■ Prompt
In the copy, include no pictures, but reproduce every record exactly.

(Records from a data source)
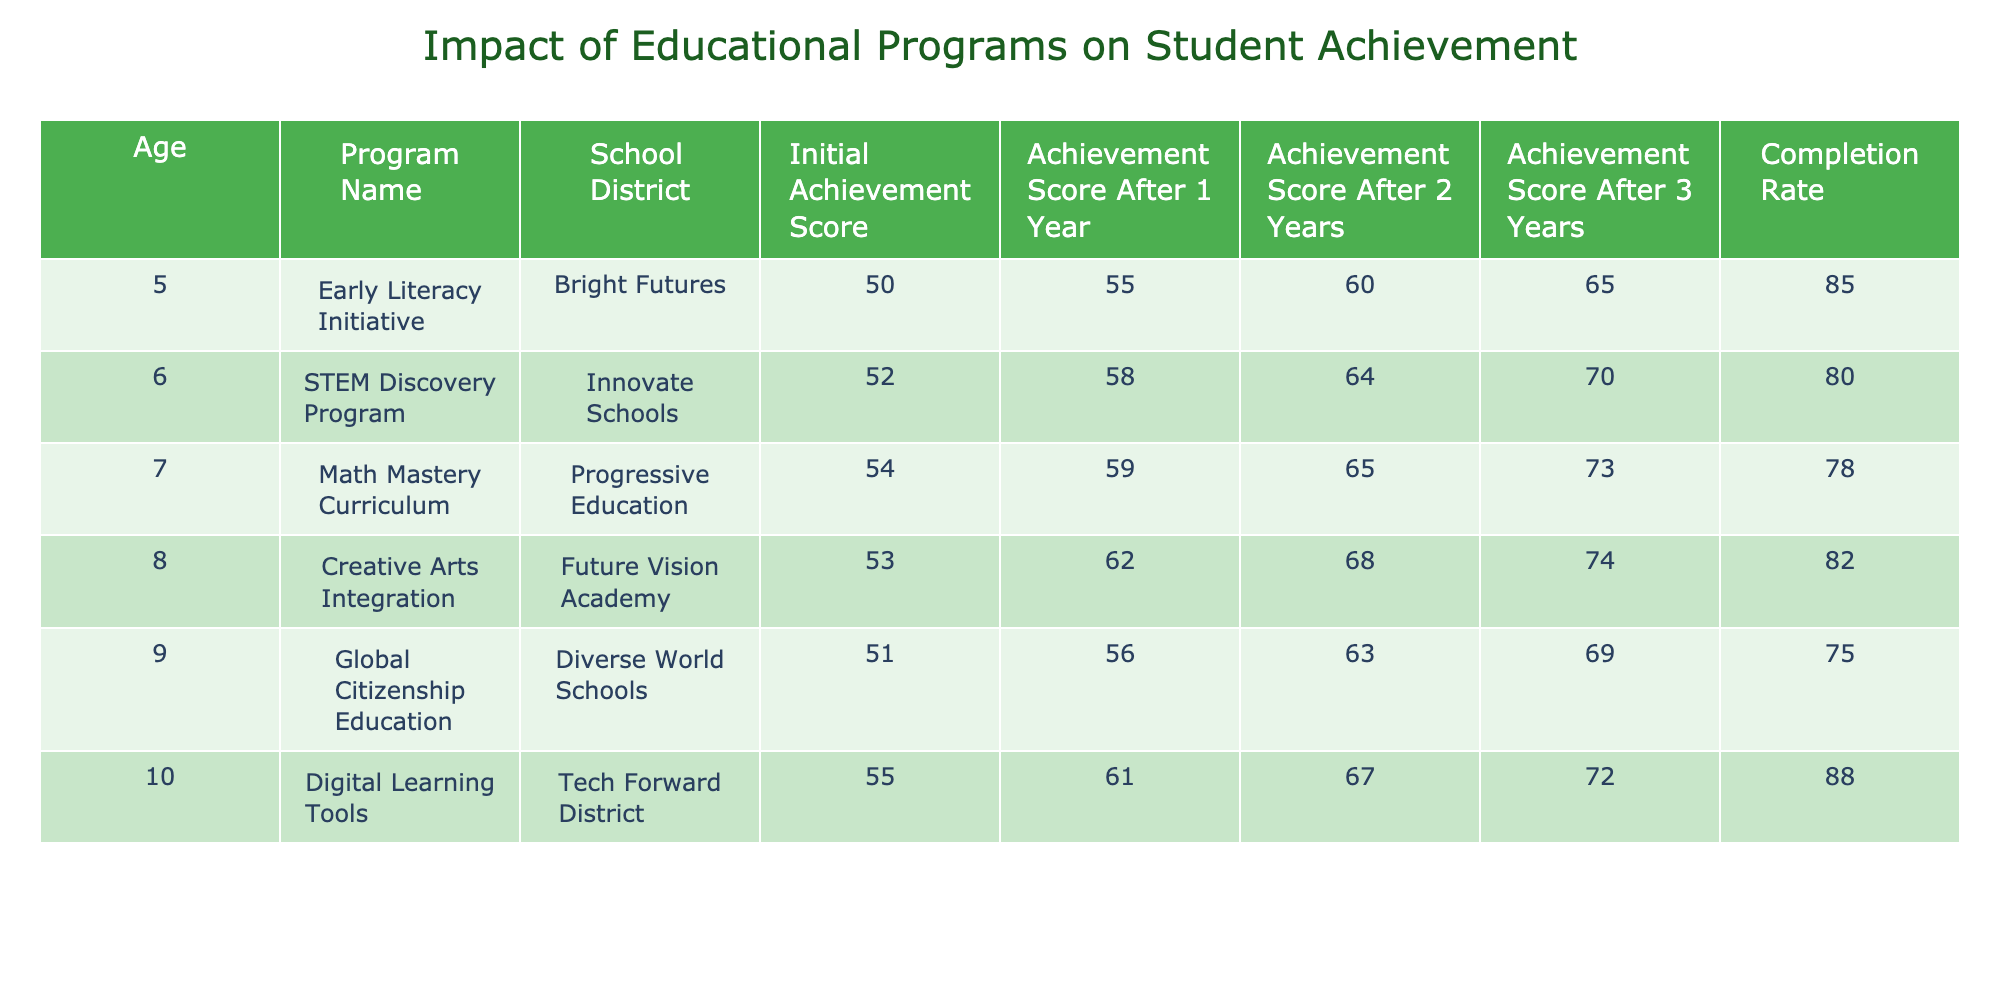What is the completion rate of the Digital Learning Tools program? The table shows the completion rates for various programs. For the Digital Learning Tools program, the specified completion rate is 88.
Answer: 88 Which program had the highest initial achievement score? By looking at the "Initial Achievement Score" column, we can see that the Digital Learning Tools program had the highest score of 55.
Answer: 55 What is the average achievement score after 2 years for all programs? To calculate the average after 2 years, we take the sum of the scores: (60 + 64 + 65 + 68 + 63 + 67) = 387. There are 6 programs, so the average is 387/6 = 64.5.
Answer: 64.5 Did the Global Citizenship Education program improve its achievement score after 3 years? Looking at the achievement scores, the Global Citizenship Education program had a score of 69 after 3 years, showing improvement from the initial score of 51. Therefore, it did improve.
Answer: Yes Which program demonstrated the smallest increase in achievement score from year 1 to year 3? We need to observe the changes from year 1 to year 3 for each program. The Math Mastery Curriculum increased from 59 to 73, showing a change of 14. This was the smallest increase compared to other programs.
Answer: Math Mastery Curriculum What is the difference in achievement scores after 1 year between the Early Literacy Initiative and the STEM Discovery Program? From the table, the Early Literacy Initiative's score after 1 year is 55 and the STEM Discovery Program's score is 58. The difference is 58 - 55, which equals 3.
Answer: 3 Is the completion rate for the Creative Arts Integration program above 80%? The table indicates a completion rate of 82% for the Creative Arts Integration program, which is higher than 80%. Therefore, the answer is yes.
Answer: Yes What is the total achievement score after 1 year for all programs combined? To find the total score after 1 year, we sum the scores after 1 year: (55 + 58 + 59 + 62 + 56 + 61) = 311.
Answer: 311 Which program improved its achievement score the most from the initial score to the score after 3 years? We evaluate each program's initial score and its score after 3 years. The greatest improvement is noted for the STEM Discovery Program, which improved from 52 to 70, resulting in an improvement of 18 points.
Answer: STEM Discovery Program 
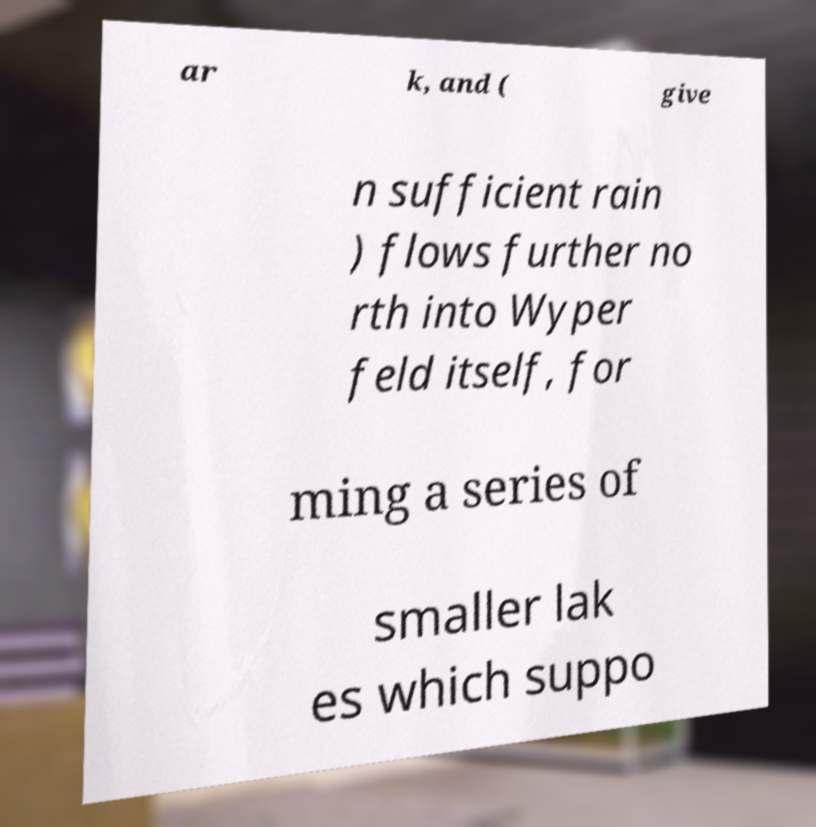Could you assist in decoding the text presented in this image and type it out clearly? ar k, and ( give n sufficient rain ) flows further no rth into Wyper feld itself, for ming a series of smaller lak es which suppo 
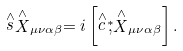Convert formula to latex. <formula><loc_0><loc_0><loc_500><loc_500>\stackrel { \wedge } { s } \stackrel { \wedge } { X } _ { \mu \nu \alpha \beta } = i \left [ \stackrel { \wedge } { c } \stackrel { \ast } { , } \stackrel { \wedge } { X } _ { \mu \nu \alpha \beta } \right ] .</formula> 
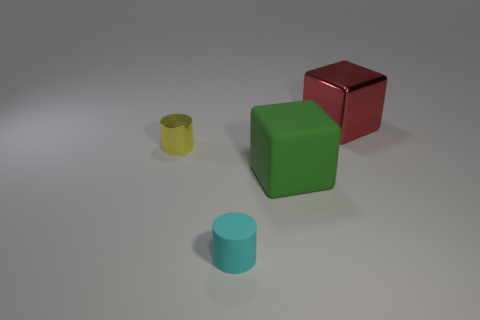Subtract all green cubes. How many cubes are left? 1 Add 4 small purple metallic things. How many objects exist? 8 Subtract 1 cubes. How many cubes are left? 1 Subtract all green matte cubes. Subtract all large shiny things. How many objects are left? 2 Add 3 yellow shiny objects. How many yellow shiny objects are left? 4 Add 4 rubber cylinders. How many rubber cylinders exist? 5 Subtract 1 green blocks. How many objects are left? 3 Subtract all gray cubes. Subtract all green balls. How many cubes are left? 2 Subtract all brown cylinders. How many red blocks are left? 1 
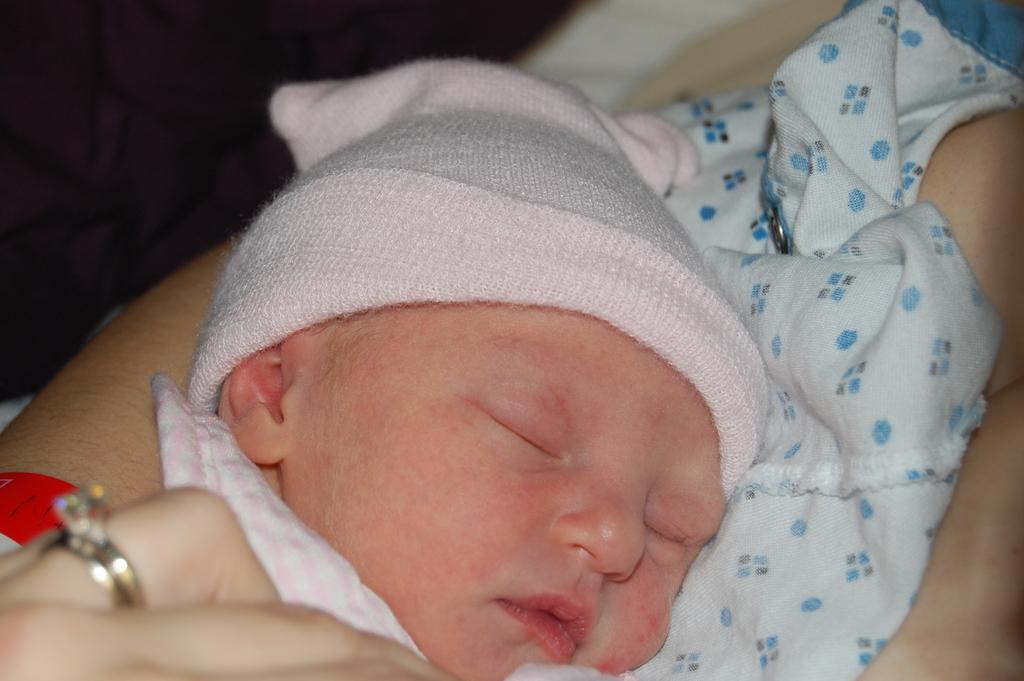What is the main subject of the image? There is a baby in the image. What is the baby's position in the image? The baby is laying over a place. What is the baby wearing on their head? The baby is wearing a cap. Can you identify any accessories worn by someone in the image? There is a ring present on the finger of a person in the image. What type of orange is being used as a toy by the baby in the image? There is no orange present in the image; the baby is wearing a cap. Can you describe the baby's journey in the image? The image does not depict a journey; it shows the baby laying over a place. 
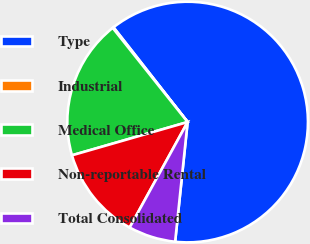Convert chart to OTSL. <chart><loc_0><loc_0><loc_500><loc_500><pie_chart><fcel>Type<fcel>Industrial<fcel>Medical Office<fcel>Non-reportable Rental<fcel>Total Consolidated<nl><fcel>62.23%<fcel>0.13%<fcel>18.76%<fcel>12.55%<fcel>6.34%<nl></chart> 
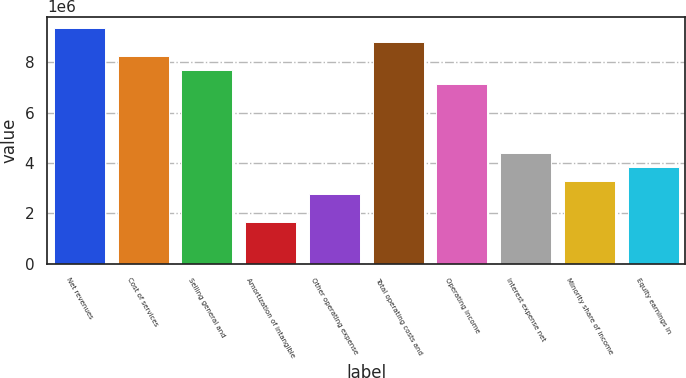<chart> <loc_0><loc_0><loc_500><loc_500><bar_chart><fcel>Net revenues<fcel>Cost of services<fcel>Selling general and<fcel>Amortization of intangible<fcel>Other operating expense<fcel>Total operating costs and<fcel>Operating income<fcel>Interest expense net<fcel>Minority share of income<fcel>Equity earnings in<nl><fcel>9.35631e+06<fcel>8.25557e+06<fcel>7.7052e+06<fcel>1.65111e+06<fcel>2.75186e+06<fcel>8.80594e+06<fcel>7.15482e+06<fcel>4.40297e+06<fcel>3.30223e+06<fcel>3.8526e+06<nl></chart> 
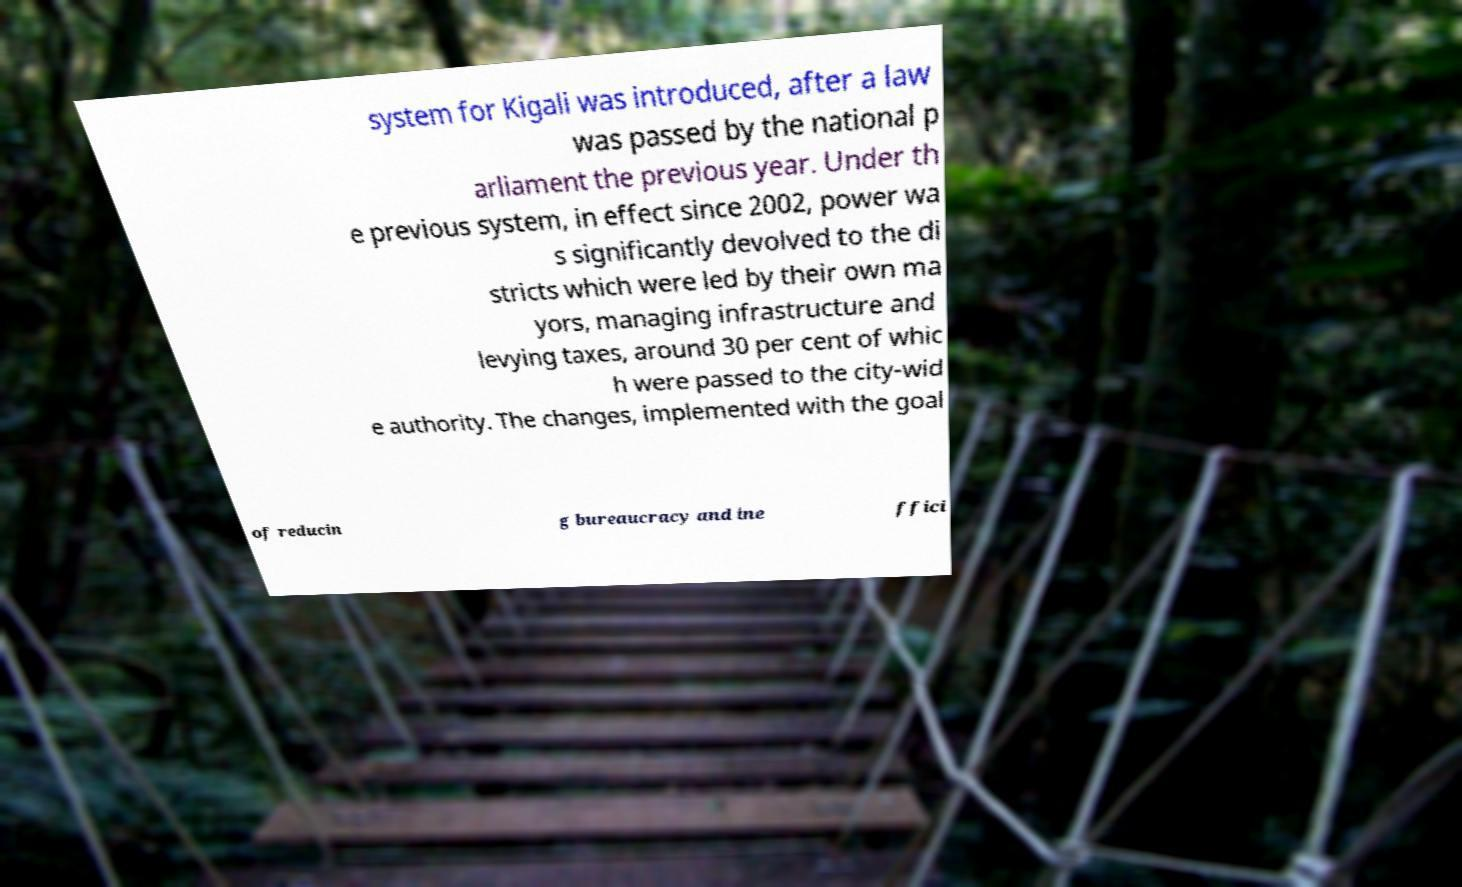Could you assist in decoding the text presented in this image and type it out clearly? system for Kigali was introduced, after a law was passed by the national p arliament the previous year. Under th e previous system, in effect since 2002, power wa s significantly devolved to the di stricts which were led by their own ma yors, managing infrastructure and levying taxes, around 30 per cent of whic h were passed to the city-wid e authority. The changes, implemented with the goal of reducin g bureaucracy and ine ffici 
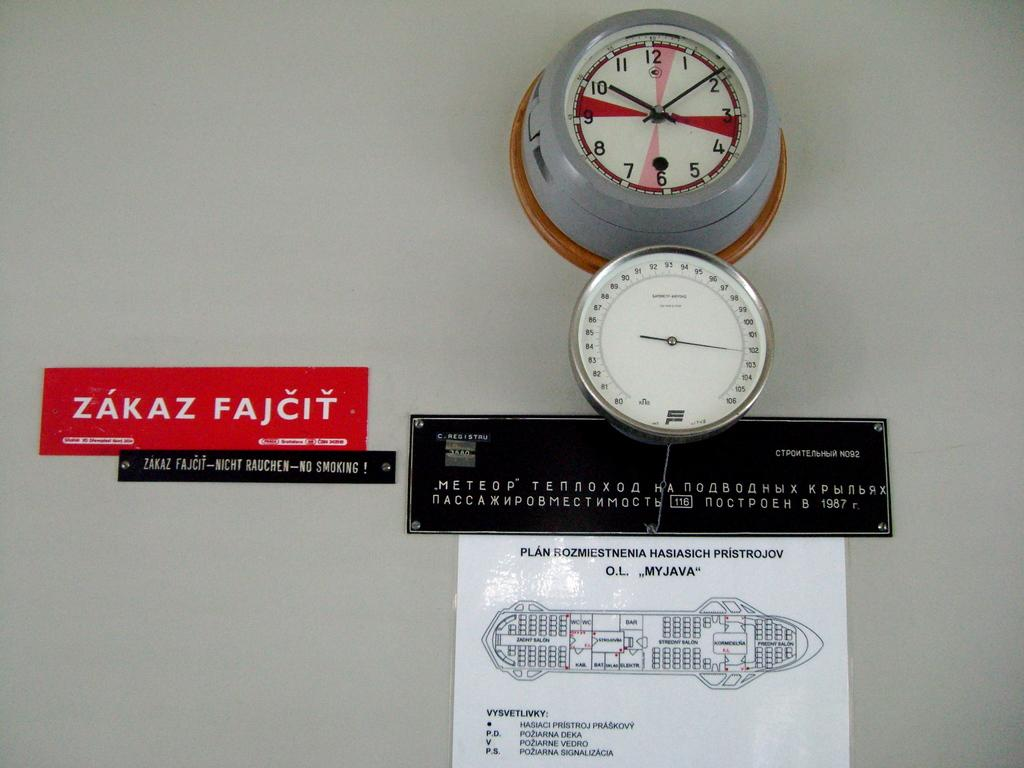<image>
Give a short and clear explanation of the subsequent image. A clock, meter, map, and sign with the words "ZAKAZ" on it. 
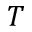Convert formula to latex. <formula><loc_0><loc_0><loc_500><loc_500>T</formula> 
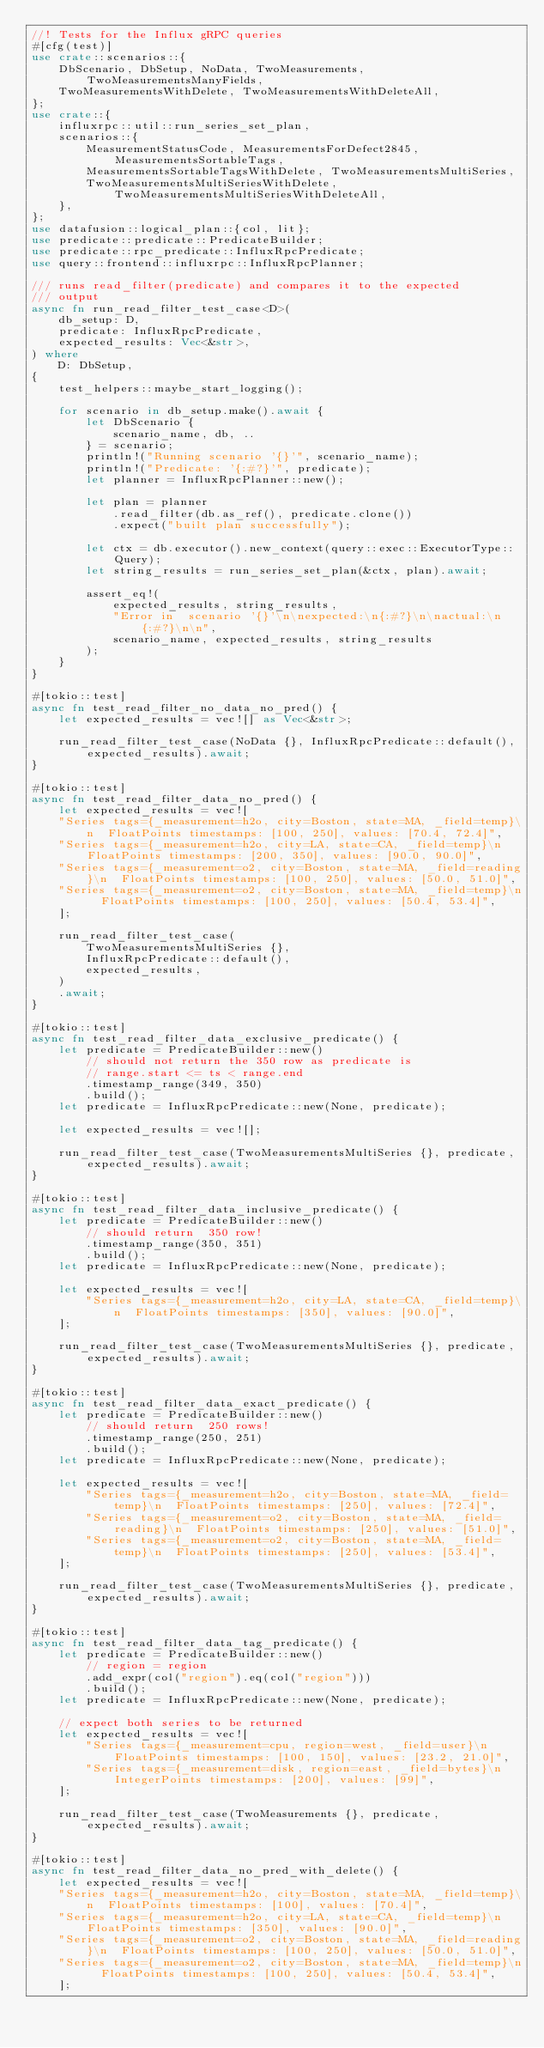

■ Answer section
What is the completion rate of the Digital Learning Tools program? The table shows the completion rates for various programs. For the Digital Learning Tools program, the specified completion rate is 88.
Answer: 88 Which program had the highest initial achievement score? By looking at the "Initial Achievement Score" column, we can see that the Digital Learning Tools program had the highest score of 55.
Answer: 55 What is the average achievement score after 2 years for all programs? To calculate the average after 2 years, we take the sum of the scores: (60 + 64 + 65 + 68 + 63 + 67) = 387. There are 6 programs, so the average is 387/6 = 64.5.
Answer: 64.5 Did the Global Citizenship Education program improve its achievement score after 3 years? Looking at the achievement scores, the Global Citizenship Education program had a score of 69 after 3 years, showing improvement from the initial score of 51. Therefore, it did improve.
Answer: Yes Which program demonstrated the smallest increase in achievement score from year 1 to year 3? We need to observe the changes from year 1 to year 3 for each program. The Math Mastery Curriculum increased from 59 to 73, showing a change of 14. This was the smallest increase compared to other programs.
Answer: Math Mastery Curriculum What is the difference in achievement scores after 1 year between the Early Literacy Initiative and the STEM Discovery Program? From the table, the Early Literacy Initiative's score after 1 year is 55 and the STEM Discovery Program's score is 58. The difference is 58 - 55, which equals 3.
Answer: 3 Is the completion rate for the Creative Arts Integration program above 80%? The table indicates a completion rate of 82% for the Creative Arts Integration program, which is higher than 80%. Therefore, the answer is yes.
Answer: Yes What is the total achievement score after 1 year for all programs combined? To find the total score after 1 year, we sum the scores after 1 year: (55 + 58 + 59 + 62 + 56 + 61) = 311.
Answer: 311 Which program improved its achievement score the most from the initial score to the score after 3 years? We evaluate each program's initial score and its score after 3 years. The greatest improvement is noted for the STEM Discovery Program, which improved from 52 to 70, resulting in an improvement of 18 points.
Answer: STEM Discovery Program 
Could you assist in decoding the text presented in this image and type it out clearly? ar k, and ( give n sufficient rain ) flows further no rth into Wyper feld itself, for ming a series of smaller lak es which suppo 
Convert formula to latex. <formula><loc_0><loc_0><loc_500><loc_500>\stackrel { \wedge } { s } \stackrel { \wedge } { X } _ { \mu \nu \alpha \beta } = i \left [ \stackrel { \wedge } { c } \stackrel { \ast } { , } \stackrel { \wedge } { X } _ { \mu \nu \alpha \beta } \right ] .</formula> 
Subtract all green cubes. How many cubes are left? 1 Add 4 small purple metallic things. How many objects exist? 8 Subtract 1 cubes. How many cubes are left? 1 Subtract all green matte cubes. Subtract all large shiny things. How many objects are left? 2 Add 3 yellow shiny objects. How many yellow shiny objects are left? 4 Add 4 rubber cylinders. How many rubber cylinders exist? 5 Subtract 1 green blocks. How many objects are left? 3 Subtract all gray cubes. Subtract all green balls. How many cubes are left? 2 Subtract all brown cylinders. How many red blocks are left? 1 
What is the main subject of the image? There is a baby in the image. What is the baby's position in the image? The baby is laying over a place. What is the baby wearing on their head? The baby is wearing a cap. Can you identify any accessories worn by someone in the image? There is a ring present on the finger of a person in the image. What type of orange is being used as a toy by the baby in the image? There is no orange present in the image; the baby is wearing a cap. Can you describe the baby's journey in the image? The image does not depict a journey; it shows the baby laying over a place. 
Convert chart to OTSL. <chart><loc_0><loc_0><loc_500><loc_500><pie_chart><fcel>Type<fcel>Industrial<fcel>Medical Office<fcel>Non-reportable Rental<fcel>Total Consolidated<nl><fcel>62.23%<fcel>0.13%<fcel>18.76%<fcel>12.55%<fcel>6.34%<nl></chart> 
<chart> <loc_0><loc_0><loc_500><loc_500><bar_chart><fcel>Net revenues<fcel>Cost of services<fcel>Selling general and<fcel>Amortization of intangible<fcel>Other operating expense<fcel>Total operating costs and<fcel>Operating income<fcel>Interest expense net<fcel>Minority share of income<fcel>Equity earnings in<nl><fcel>9.35631e+06<fcel>8.25557e+06<fcel>7.7052e+06<fcel>1.65111e+06<fcel>2.75186e+06<fcel>8.80594e+06<fcel>7.15482e+06<fcel>4.40297e+06<fcel>3.30223e+06<fcel>3.8526e+06<nl></chart> 
Could you assist in decoding the text presented in this image and type it out clearly? system for Kigali was introduced, after a law was passed by the national p arliament the previous year. Under th e previous system, in effect since 2002, power wa s significantly devolved to the di stricts which were led by their own ma yors, managing infrastructure and levying taxes, around 30 per cent of whic h were passed to the city-wid e authority. The changes, implemented with the goal of reducin g bureaucracy and ine ffici 
<image>
Give a short and clear explanation of the subsequent image. A clock, meter, map, and sign with the words "ZAKAZ" on it. 
Convert formula to latex. <formula><loc_0><loc_0><loc_500><loc_500>T</formula> 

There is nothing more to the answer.